1. Field of the Invention
This invention relates to liquid crystal composites and liquid crystal devices made from such composites.
2. Description of Related Art
Light valves having an electro-optically active element comprising a liquid crystal composite have been used in displays (both directly driven and active matrix), windows, and privacy panels. In a liquid crystal composite, plural volumes or droplets of a liquid crystal material are dispersed, encapsulated, embedded, or otherwise contained within a matrix material such as a polymer. Exemplary disclosures include Fergason, U.S. Pat. No. 4,435,047 (1984); West et al., U.S. Pat. No. 4,685,771 (1987); Pearlman, U.S. Pat. No. 4,992,201 (1991); Dainippon Ink, EP 0,313,053 (1989).
The liquid crystal composite is disposed between electrodes, which are respectively supported by substrates (e.g., glass or polymer). When no voltage (i.e., no electric field) is applied across the electrodes (the field-off state), incident light is substantially scattered and/or absorbed, creating a frosty or opaque visual appearance. When an appropriate voltage is applied across the electrodes (the field-on state), the liquid crystal composite changes its optical state to one in which incident light is substantially transmitted.

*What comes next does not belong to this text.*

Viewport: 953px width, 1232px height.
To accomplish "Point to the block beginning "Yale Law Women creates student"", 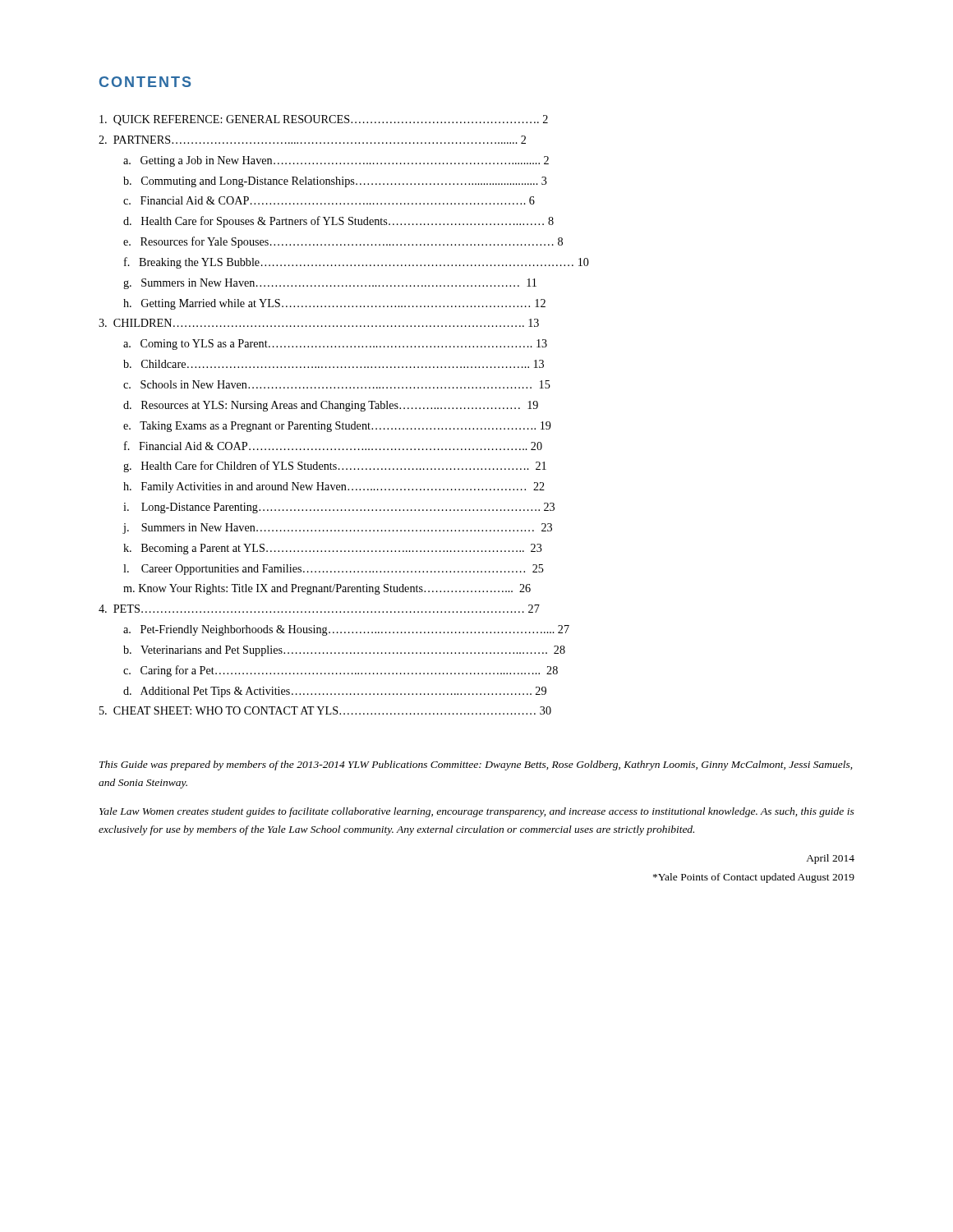I will [476, 820].

It is desirable that the composite have low light transmissivity in the field-off state (T.sub.off, as defined hereinbelow), to provide high contrast against the substantially transmissive field-on state. It is also desirable that the composite be switchable from the field-off to the field-on state by the application of as low an electric field as possible. This performance characteristic may be quantitated by the operating field E.sub.90 (also defined hereinbelow), which measures the electric field required to switch the composite into its substantially transmissive state.
A low E.sub.90 is desirable because, for a given applied voltage, a thicker layer of composite can be used (resulting in a lower T.sub.off). Also, in devices such as active matrix displays, the driver controlling the application or not of a voltage across the composite typically is a semiconductor device (e.g., a CMOS chip) having an operating voltage of only several volts. For the driver to successfully control the switching of the composite, the composite must have a low E.sub.90.
One method employed by researchers in the art to improve the electro-optical performance of a liquid crystal composite, whether that be T.sub.off, E.sub.90, or some other parameter, is to include an additive in the composite. Additives which have been used for one purpose or another include polyols, surfactants, polymers of various kinds, amphiphilic telomers, charge transfer complexes, plasticizers, polysilanes, alkyl alcohols, phenolic antioxidants, silicones, crown ethers, acrylates, methacryates, and silane coupling agents. Noteworthy disclosures in the genre include Wartenberg et al., U.S. Pat. No. 5,427,713 (1995); Wartenberg et al., U.S. Pat. No. 5,484,552 (1996); Wartenberg et al., U.S. Pat. No. 5,571,448 (1996); Raychem, WO 96/19547 (1996); Seiko-Epson, JP 3-288823 (1991); Seiko-Epson, JP 4-7518 (1992); Hitachi Cable, JP 7-140448 (1995); Hitachi Cable, JP 7-292361 (1995); Hitachi Cable, JP 7-294,890 (1995); Hitachi Cable, JP 7-294891 (1995); Hitachi Cable, JP 8-220,513 (1996); Hitachi Cable, JP 8-227070 (1996); Adomenas et al., Mol. Cryst. Liq. Cryst. 1992, Vol. 215, pp. 153-160; and Sumitomo Electrical Industries, EP 0,421,240 (1990).
However, even though some prior art additives may be successful at reducing E.sub.90 and/or T.sub.off, it is difficult to obtain an additive which consistently does so for many different combinations of liquid crystal compositions and matrix materials. Further, an additive which reduces E.sub.90 may have an adverse effect on T.sub.off.